The comments were almost as unbelievable when Tinkler’s Hunter Sports Group handed back its licence for the Jets, albeit with the role of instigator reversed.
“Unfortunately, having lost confidence in the FFA management and its ability to find a resolution, it is clear we have no other option,”HSG chief executive officer Troy Palmer said.
FFA CEO Ben Buckley hit back by saying, “Let me make something very clear here. We have had countless meetings with Troy Palmer to address these issues.”
It’s a pitiful look for the sport.
There has been little comment from the players on how they feel about being used as pawns in what looks, at face value, like a “my wallet’s bigger than yours” contest between three of the richest men in the country.
One would have to assume that, like the fans, they’ve had enough.
Among the threats, laughable quotes and chest puffing, many have forgotten there’s still on-field action in the A-League.

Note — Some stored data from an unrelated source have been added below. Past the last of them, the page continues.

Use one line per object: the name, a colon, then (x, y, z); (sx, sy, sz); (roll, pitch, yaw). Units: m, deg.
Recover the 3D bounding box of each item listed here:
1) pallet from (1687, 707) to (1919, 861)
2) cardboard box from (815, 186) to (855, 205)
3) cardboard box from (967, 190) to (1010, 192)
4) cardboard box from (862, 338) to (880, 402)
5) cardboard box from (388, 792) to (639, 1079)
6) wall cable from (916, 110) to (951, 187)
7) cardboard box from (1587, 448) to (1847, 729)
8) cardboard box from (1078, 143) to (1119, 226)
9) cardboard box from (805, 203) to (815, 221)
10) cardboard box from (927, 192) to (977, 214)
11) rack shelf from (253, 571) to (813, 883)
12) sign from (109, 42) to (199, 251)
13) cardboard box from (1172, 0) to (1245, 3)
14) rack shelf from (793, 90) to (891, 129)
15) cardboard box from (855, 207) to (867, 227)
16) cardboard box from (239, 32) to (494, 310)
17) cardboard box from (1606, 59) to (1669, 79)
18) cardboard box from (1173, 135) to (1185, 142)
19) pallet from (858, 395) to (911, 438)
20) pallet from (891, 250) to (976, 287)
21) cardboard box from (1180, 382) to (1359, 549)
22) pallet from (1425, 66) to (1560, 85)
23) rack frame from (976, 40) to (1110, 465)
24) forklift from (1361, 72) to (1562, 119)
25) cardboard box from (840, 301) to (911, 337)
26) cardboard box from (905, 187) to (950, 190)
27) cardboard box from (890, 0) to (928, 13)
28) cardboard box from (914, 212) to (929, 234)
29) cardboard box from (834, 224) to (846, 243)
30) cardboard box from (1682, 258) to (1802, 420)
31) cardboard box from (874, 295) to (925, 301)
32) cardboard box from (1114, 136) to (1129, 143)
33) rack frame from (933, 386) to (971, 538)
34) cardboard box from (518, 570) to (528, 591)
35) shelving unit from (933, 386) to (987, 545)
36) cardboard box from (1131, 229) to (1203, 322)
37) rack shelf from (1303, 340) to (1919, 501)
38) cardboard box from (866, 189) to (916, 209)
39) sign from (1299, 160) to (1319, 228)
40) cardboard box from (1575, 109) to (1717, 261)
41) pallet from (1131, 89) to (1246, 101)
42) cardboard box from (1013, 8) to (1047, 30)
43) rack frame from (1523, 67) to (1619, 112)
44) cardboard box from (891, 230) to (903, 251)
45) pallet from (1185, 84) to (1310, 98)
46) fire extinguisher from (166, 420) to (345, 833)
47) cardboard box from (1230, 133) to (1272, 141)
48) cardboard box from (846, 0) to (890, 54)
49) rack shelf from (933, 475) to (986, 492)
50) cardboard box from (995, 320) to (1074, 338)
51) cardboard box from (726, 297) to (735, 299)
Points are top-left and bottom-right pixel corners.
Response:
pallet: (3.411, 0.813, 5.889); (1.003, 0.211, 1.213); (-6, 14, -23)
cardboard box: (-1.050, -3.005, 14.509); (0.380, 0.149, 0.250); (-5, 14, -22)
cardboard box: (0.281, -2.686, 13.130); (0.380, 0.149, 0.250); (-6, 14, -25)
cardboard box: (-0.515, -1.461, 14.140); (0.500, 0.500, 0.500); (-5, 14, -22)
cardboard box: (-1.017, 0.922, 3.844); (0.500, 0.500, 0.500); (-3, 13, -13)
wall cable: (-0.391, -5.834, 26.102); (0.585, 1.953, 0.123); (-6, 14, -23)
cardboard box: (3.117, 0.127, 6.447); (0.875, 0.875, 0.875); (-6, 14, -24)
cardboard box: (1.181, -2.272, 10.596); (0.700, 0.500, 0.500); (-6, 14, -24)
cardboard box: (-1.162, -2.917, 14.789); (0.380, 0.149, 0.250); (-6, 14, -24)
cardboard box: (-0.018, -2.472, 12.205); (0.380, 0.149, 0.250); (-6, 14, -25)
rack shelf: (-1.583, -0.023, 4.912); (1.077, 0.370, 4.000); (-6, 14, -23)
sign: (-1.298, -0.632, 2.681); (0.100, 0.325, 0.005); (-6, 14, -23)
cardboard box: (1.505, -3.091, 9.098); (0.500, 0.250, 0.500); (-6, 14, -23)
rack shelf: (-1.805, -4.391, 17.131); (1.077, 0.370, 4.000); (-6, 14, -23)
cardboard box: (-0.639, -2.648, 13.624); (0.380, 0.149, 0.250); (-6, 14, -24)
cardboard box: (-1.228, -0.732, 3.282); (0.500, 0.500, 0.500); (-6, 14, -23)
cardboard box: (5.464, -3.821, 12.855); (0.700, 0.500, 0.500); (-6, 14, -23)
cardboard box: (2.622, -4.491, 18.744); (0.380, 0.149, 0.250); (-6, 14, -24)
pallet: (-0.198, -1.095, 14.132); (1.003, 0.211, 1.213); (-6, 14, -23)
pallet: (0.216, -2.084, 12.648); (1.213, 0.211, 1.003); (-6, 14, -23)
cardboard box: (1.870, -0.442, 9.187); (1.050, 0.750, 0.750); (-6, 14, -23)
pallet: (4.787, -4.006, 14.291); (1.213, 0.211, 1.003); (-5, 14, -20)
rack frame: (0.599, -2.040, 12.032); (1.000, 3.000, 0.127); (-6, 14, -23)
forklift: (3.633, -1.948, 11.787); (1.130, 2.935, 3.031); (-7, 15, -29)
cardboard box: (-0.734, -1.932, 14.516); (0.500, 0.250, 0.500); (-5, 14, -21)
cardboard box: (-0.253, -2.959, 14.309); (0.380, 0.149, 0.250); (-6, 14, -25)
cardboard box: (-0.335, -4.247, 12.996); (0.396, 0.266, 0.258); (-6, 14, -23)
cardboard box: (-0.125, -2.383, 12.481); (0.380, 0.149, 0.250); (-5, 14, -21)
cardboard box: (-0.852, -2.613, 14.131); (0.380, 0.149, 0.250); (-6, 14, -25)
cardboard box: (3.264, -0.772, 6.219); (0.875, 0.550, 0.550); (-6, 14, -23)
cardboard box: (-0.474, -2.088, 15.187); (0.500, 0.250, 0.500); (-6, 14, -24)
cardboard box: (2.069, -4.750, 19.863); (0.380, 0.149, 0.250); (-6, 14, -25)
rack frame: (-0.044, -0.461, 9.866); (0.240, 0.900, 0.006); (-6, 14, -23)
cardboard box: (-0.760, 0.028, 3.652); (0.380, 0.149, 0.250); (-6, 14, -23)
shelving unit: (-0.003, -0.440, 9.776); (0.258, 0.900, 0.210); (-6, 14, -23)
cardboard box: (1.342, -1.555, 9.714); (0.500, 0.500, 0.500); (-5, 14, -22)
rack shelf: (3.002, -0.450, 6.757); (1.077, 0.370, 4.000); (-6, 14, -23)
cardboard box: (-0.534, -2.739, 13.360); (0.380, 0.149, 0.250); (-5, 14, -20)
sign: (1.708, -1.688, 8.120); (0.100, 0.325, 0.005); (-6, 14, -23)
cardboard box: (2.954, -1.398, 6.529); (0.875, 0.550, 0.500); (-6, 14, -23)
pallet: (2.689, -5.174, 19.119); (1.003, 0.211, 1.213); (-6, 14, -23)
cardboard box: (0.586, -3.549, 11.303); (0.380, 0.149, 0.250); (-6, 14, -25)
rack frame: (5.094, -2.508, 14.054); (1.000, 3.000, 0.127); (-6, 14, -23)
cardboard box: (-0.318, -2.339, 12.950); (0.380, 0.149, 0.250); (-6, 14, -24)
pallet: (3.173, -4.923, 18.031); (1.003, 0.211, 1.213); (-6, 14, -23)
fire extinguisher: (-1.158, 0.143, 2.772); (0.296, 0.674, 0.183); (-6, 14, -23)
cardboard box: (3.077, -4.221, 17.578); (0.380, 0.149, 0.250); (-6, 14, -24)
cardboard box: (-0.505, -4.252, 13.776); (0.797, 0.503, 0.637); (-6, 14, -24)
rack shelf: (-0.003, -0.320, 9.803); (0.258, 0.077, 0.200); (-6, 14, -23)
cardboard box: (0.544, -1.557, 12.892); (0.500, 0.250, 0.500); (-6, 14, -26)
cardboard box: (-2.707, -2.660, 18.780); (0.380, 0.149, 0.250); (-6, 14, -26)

It’s disappointing that the most important part of the sport has been relegated to the naughty corner like a small child, when in fact the child has done nothing wrong.
The poor cherub has been punished for the actions of its bickering parents.
Perth Glory travel to Gosford tomorrow night to challenge Central Coast Mariners for a spot in this season’s A-League grand final against Brisbane Roar.
There is some tremendous soccer talent in this country, and it’s about time we remember that.
The talent of the players needs to take centre stage again, as does the dedication of the clubs’ coaches, management teams and administration staff.
It’s time to give the fans what they actually pay for: the best soccer Australia can offer.
There are some glaringly deep issues with the way the A-League is being run, but that’s an issue for another day.
The billionaires have run out of yellow card chances: it’s time to begin sending a few egos off.